Your April 8 article, "Oceans away, US troops crave approval at home" showcased some complex issues of public opinion about the war on Iraq.
I was touched by the comments of American soldiers who expressed their doubts about a nebulously defined mission and wondered how they would be treated upon their homecoming.
The article reminds us that soldiers are thinking, feeling, conflicted human beings. But I was left angry by the closing comments of Sergeant Roberts: "I'm just a soldier - if I have to shoot someone, it's nothing personal, it's just a job." Anytime you take another human life it is intrinsically personal. You are not "just soldiers." You represent this nation and your actions have enormous repercussions. How could anyone think "it's just a job"?
Pacific Grove, Calif.
Thank you for the April 7 article "With war raging, art exhibits offer a respite." Despite compassion for troops on both sides, my conviction remains that war is ultimately futile, obsolete, boring, spiritually empty, and 100 percent ugly. So it is interesting to see signs of something of a knee-jerk pursuit of the beauty offered by art museums. Fine art is love, caring, what Frank Lloyd Wright described as blossoms of the soul - the very opposite of terrorism. Artists know that heeding and guarding the quickening force of the creative urge - whether in the making of a poem or a pudding - eclipse hostility and destruction. Will renewed global revulsion against war neutralize the technology fixation and swing popular focus home to genuine culture? One can imagine and hope.
Dee Treacy Babcock
Santa Monica, Calif.
The April 8 article "Outlook mixed for nation's librarians" states: "Gone are the days when librarians mainly checked out books. The nexus of computers has made research and multimedia software skills a key feature of graduate education in library science."
I am under the impression that I was doing something worth the money back in 1973 and 1983 and 1993, even before the Internet took us by storm. And before me, my predecessor was magnificently filling the needs of students in the 1950s.
We selected books to support curriculums, which meant combing a myriad of selection tools, consulting with teachers, staying current with world events and students' interests, and networking with each other to share gems. We published articles about current themes in research with bibliographies of source materials. We invented methods of preservation, presentation, and communication that set the stage for the PowerPoints and websites of today.
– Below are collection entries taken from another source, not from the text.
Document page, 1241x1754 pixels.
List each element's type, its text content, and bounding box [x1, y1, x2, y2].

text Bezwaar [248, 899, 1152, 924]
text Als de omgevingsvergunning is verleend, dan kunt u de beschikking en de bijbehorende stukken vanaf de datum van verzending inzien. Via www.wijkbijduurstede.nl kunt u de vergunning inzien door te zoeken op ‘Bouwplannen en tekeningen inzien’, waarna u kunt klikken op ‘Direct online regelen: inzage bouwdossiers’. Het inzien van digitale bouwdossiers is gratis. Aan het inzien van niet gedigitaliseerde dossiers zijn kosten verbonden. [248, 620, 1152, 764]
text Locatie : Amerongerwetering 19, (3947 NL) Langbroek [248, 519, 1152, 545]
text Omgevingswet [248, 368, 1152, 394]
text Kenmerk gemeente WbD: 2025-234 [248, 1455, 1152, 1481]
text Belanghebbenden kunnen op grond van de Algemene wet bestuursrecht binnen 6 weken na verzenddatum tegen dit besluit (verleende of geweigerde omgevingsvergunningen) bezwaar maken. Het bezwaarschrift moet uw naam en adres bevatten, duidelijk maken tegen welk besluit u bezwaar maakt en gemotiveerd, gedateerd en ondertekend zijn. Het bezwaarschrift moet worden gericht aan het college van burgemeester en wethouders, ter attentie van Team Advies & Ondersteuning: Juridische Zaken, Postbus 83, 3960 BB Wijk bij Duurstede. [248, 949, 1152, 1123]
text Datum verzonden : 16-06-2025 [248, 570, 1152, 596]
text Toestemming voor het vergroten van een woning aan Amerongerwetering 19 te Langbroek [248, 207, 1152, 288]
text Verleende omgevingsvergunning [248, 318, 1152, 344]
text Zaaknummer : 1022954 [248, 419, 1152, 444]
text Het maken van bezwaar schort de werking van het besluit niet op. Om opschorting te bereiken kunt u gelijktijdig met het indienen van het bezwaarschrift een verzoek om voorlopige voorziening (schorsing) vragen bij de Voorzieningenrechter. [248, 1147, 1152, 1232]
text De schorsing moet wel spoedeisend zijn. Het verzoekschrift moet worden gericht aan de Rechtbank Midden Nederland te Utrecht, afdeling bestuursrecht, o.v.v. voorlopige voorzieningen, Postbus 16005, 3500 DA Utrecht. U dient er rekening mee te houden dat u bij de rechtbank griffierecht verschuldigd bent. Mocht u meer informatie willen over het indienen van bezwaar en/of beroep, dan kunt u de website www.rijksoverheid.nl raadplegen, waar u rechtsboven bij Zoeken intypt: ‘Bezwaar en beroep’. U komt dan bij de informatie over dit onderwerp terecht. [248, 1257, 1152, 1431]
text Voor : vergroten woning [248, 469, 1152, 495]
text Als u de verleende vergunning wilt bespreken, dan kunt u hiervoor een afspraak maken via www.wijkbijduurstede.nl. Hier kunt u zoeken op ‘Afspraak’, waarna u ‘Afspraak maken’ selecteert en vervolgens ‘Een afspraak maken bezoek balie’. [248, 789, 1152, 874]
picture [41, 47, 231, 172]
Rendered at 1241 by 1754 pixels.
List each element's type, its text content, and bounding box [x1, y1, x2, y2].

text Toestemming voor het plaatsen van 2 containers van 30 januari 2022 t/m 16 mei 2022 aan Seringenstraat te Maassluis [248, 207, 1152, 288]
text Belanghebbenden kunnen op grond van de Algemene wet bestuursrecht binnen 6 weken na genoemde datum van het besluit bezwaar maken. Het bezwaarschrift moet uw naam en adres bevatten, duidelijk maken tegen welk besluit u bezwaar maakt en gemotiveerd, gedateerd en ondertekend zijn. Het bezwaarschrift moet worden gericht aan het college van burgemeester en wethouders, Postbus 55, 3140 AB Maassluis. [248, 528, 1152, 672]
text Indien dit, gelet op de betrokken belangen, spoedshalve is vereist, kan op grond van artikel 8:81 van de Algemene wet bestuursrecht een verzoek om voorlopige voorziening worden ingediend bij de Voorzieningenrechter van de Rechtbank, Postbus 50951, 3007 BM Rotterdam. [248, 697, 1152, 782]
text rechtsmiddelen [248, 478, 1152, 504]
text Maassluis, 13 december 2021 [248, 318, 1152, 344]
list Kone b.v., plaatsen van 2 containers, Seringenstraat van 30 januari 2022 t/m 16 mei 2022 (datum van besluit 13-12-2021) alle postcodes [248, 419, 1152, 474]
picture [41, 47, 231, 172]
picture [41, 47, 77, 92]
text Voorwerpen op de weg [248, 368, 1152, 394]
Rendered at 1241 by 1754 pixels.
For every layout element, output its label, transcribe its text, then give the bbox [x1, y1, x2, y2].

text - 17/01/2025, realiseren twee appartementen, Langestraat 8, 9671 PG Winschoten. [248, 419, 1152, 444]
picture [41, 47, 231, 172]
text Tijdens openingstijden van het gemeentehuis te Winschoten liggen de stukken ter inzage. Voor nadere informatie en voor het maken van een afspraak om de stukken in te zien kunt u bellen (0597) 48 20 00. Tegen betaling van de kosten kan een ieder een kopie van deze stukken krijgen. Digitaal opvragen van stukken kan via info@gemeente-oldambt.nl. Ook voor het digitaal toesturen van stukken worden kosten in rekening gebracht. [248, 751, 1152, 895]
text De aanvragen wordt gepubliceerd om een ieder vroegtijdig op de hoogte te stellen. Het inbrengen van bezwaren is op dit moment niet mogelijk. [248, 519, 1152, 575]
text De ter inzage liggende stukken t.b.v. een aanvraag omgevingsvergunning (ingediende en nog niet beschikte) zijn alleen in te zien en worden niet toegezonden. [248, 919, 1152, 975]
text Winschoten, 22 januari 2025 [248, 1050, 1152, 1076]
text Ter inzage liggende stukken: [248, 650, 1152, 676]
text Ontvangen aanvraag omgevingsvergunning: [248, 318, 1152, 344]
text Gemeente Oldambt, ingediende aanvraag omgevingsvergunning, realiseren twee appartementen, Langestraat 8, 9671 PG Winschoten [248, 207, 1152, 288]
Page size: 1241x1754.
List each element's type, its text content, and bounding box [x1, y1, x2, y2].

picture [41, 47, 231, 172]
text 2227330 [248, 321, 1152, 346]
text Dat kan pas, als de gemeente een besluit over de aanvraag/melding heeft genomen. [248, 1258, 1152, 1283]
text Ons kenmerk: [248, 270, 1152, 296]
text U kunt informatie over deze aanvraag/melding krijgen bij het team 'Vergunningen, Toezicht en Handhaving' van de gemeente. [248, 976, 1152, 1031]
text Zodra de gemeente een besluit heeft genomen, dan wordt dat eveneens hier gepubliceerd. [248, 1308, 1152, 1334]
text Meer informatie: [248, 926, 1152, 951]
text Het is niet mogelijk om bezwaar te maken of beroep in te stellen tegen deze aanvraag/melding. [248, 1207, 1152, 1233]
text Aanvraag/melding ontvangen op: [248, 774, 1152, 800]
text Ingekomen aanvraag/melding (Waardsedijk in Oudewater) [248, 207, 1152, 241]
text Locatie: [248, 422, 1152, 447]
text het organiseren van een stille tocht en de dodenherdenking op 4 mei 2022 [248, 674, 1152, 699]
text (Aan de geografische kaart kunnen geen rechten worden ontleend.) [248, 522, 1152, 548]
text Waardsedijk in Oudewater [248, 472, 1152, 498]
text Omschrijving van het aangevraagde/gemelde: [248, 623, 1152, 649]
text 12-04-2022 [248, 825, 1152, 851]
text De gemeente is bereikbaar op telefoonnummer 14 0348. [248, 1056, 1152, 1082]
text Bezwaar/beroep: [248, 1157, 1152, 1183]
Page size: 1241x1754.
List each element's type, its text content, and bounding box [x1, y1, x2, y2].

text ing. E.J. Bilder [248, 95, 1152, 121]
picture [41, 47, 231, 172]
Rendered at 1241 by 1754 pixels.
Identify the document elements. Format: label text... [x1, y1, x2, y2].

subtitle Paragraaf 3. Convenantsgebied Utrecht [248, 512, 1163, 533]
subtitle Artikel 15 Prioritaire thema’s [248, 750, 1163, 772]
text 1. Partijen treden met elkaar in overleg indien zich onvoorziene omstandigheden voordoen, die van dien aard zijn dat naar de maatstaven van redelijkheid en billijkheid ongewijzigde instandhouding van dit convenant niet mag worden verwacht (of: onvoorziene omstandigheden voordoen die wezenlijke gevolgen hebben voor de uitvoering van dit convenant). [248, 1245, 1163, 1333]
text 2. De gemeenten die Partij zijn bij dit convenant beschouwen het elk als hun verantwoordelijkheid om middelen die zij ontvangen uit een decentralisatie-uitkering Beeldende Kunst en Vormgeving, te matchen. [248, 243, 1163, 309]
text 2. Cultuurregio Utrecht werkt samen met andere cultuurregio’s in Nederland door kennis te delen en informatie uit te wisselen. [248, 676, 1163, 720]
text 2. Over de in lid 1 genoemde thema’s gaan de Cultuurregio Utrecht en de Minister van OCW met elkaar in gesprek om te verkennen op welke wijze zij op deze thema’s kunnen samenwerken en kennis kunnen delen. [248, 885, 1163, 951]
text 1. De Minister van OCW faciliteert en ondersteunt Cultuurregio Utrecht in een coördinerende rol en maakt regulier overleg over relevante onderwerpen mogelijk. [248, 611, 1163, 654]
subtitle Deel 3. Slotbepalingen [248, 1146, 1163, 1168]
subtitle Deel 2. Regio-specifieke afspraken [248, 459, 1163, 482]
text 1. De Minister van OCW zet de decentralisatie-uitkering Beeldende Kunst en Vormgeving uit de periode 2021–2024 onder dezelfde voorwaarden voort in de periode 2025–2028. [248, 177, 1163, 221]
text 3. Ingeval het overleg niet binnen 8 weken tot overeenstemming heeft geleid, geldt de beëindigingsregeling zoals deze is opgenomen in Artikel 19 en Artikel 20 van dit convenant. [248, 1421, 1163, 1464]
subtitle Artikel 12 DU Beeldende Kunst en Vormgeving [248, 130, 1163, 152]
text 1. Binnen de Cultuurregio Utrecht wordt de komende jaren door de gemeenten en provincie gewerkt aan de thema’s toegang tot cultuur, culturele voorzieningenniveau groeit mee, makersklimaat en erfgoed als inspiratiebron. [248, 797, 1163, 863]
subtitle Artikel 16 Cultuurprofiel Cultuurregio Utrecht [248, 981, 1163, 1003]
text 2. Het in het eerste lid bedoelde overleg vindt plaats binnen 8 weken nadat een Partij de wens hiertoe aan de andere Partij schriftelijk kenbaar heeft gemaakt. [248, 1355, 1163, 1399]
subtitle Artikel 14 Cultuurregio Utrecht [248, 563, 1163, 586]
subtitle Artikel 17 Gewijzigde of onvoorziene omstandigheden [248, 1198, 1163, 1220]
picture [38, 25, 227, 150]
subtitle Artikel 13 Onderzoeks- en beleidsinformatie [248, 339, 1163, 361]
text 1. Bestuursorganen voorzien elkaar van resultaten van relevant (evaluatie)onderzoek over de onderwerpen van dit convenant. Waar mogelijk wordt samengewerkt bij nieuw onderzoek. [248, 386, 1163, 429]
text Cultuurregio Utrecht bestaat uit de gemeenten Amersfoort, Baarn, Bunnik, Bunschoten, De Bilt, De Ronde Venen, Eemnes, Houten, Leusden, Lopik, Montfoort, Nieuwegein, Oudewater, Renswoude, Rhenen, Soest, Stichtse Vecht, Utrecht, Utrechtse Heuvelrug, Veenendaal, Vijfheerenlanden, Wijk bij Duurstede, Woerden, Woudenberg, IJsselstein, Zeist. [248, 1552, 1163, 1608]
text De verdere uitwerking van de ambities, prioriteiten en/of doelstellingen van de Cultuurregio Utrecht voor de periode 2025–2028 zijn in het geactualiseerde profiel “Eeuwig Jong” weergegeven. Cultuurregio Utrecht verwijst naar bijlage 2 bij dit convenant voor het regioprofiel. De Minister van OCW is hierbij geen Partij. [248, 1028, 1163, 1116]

One of the reasons that my skills in surfing the Internet are as sharp as they are has to do with the years of turning my mind into a thesaurus to find information filed in card catalogs, encyclopedias, and the Reader's Guide to Periodical Literature.
When we discuss the difference between keyword searches and directory searches, we are merely updating our vocabulary from the days when we lectured about indexes and tables of contents.
We are professional librarians. We have been professional librarians for generations. It is a humbling activity to imagine the creative work done by those who came before us. Do the kids coming out of school now with fresh master's degrees in library science tucked in their backpacks have excellent "multimedia software skills?" We can only hope. They will need much more than that.
There were never "days when librarians mainly checked out books."
Costa Mesa, Calif.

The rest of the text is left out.